[Date Prev][Date Next][Thread Prev][Thread Next][Date Index][Thread Index]
Fast reading of tab-delimited data -- question
- To: info-mcl@digitool.com
- Subject: Fast reading of tab-delimited data -- question
- From: psz@mit.edu (Peter Szolovits)
- Date: Wed, 28 Dec 1994 15:39:57 -0500
- Sender: owner-info-mcl@digitool.com
I need to read in some fairly large tables of data, in tab-delimited
format. Most of the entries will be numeric (fixnum or float), though a
few are text. I have written some Lisp code (using with-open-file and
read-char and/or read-line) to do this, but it's really(!) slow. I was
looking at mac-file-io and boyer-moore in the examples folder to see how
this could be done faster, but I am stumped by the following.
Mac-file-io's fsRead gives me a buffer of raw bytes. If I want to call
something like read or parse-integer on these, the obvious way is to make a
string each of whose elements is the character made by code-char of the raw
bytes. This, however, gives back most of the efficiency gained by doing
the low-level file i/o. Looking at the sources on the CD, it appears that
read-from-string (for example) creates a stream from which the reader then
reads.

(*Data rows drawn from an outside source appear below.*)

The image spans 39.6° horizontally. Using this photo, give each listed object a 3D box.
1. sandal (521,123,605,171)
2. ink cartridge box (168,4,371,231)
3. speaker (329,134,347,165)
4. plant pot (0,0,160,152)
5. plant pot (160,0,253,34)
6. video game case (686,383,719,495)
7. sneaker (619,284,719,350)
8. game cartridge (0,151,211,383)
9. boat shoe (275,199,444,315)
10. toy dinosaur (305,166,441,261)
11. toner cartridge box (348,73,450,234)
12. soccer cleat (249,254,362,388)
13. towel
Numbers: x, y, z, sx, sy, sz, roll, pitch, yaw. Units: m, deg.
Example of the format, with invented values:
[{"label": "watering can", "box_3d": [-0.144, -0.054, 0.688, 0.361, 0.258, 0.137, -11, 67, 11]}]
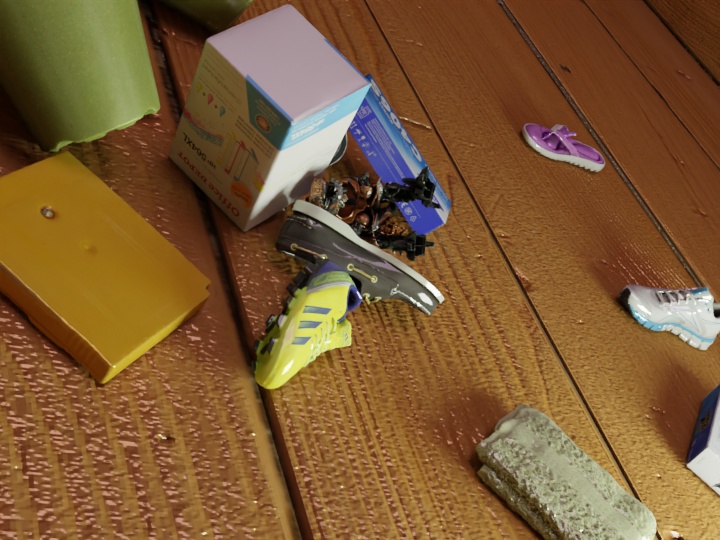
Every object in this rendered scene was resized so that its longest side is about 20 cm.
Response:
[{"label": "sandal", "box_3d": [0.366, -0.232, 1.785, 0.202, 0.050, 0.083, 11, 40, -37]}, {"label": "ink cartridge box", "box_3d": [-0.104, -0.151, 1.062, 0.129, 0.200, 0.125, 44, 49, 11]}, {"label": "speaker", "box_3d": [-0.060, -0.220, 1.294, 0.081, 0.081, 0.201, 24, 34, -23]}, {"label": "plant pot", "box_3d": [-0.279, -0.220, 0.946, 0.200, 0.199, 0.191, -50, 124, -59]}, {"label": "plant pot", "box_3d": [-0.216, -0.420, 1.314, 0.193, 0.200, 0.201, 42, 29, -17]}, {"label": "video game case", "box_3d": [0.517, 0.256, 1.300, 0.181, 0.046, 0.200, 41, 31, 7]}, {"label": "sneaker", "box_3d": [0.473, 0.049, 1.491, 0.199, 0.087, 0.075, 17, 38, -29]}, {"label": "game cartridge", "box_3d": [-0.244, -0.010, 0.876, 0.200, 0.032, 0.176, 43, 31, 3]}, {"label": "boat shoe", "box_3d": [0.000, 0.000, 1.089, 0.200, 0.061, 0.072, 32, -9, -18]}, {"label": "toy dinosaur", "box_3d": [0.015, -0.070, 1.148, 0.135, 0.103, 0.200, 5, 12, 24]}, {"label": "toner cartridge box", "box_3d": [0.042, -0.145, 1.257, 0.201, 0.043, 0.095, 57, 19, -12]}, {"label": "soccer cleat", "box_3d": [-0.044, 0.054, 0.964, 0.084, 0.065, 0.200, 39, 30, -7]}, {"label": "towel", "box_3d": [0.212, 0.228, 1.028, 0.200, 0.037, 0.148, 45, 32, 11]}]
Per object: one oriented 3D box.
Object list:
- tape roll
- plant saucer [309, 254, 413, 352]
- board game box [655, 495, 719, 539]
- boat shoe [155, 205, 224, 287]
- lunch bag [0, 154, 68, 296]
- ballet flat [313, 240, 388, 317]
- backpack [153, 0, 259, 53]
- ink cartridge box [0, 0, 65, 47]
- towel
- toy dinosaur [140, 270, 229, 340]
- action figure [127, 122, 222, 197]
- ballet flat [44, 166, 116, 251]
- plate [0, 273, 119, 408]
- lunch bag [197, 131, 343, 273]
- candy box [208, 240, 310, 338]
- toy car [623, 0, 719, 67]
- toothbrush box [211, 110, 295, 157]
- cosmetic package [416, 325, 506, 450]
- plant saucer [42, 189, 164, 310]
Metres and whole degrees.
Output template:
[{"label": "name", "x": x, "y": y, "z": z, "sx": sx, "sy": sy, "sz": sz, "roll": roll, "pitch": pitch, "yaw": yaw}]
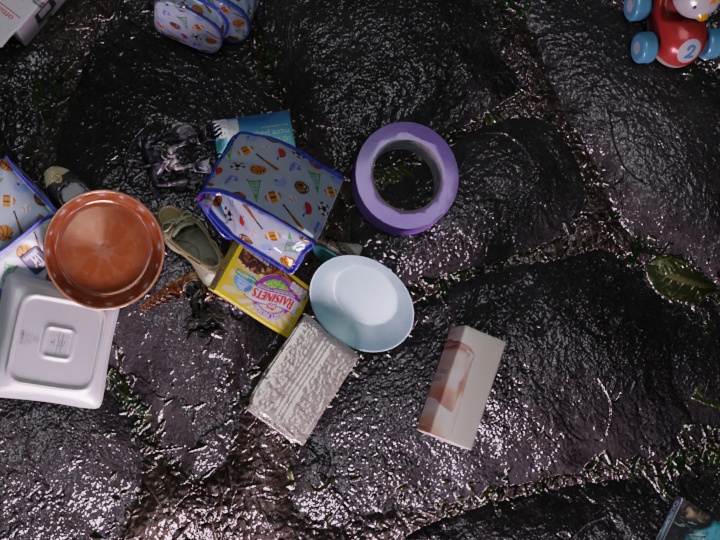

I can't find the code for the reader itself on the CD, so I can't
tell what operations it actually performs on this stream. If it's only
read-char, then presumably I could create a stream that feeds characters
just from the byte-buffer. I presume that this is something like what read
does on a file. Is there a simple way to do this, or has anyone already
done it?
Thanks. --Pete Szolovits
P.S. I realize this is confused/confusing. What I think I'm trying to
accomplish is:
1. Find chunks of bytes delimited by tabs/newlines/eof using the lowest
possible level representation.
2. Having the raw bytes and boundaries, call the Lisp reader to interpret
successive substrings of those bytes, without having to re-read the file or
dynamically make Lisp strings (just to be turned into an internal stream
again) from the raw bytes.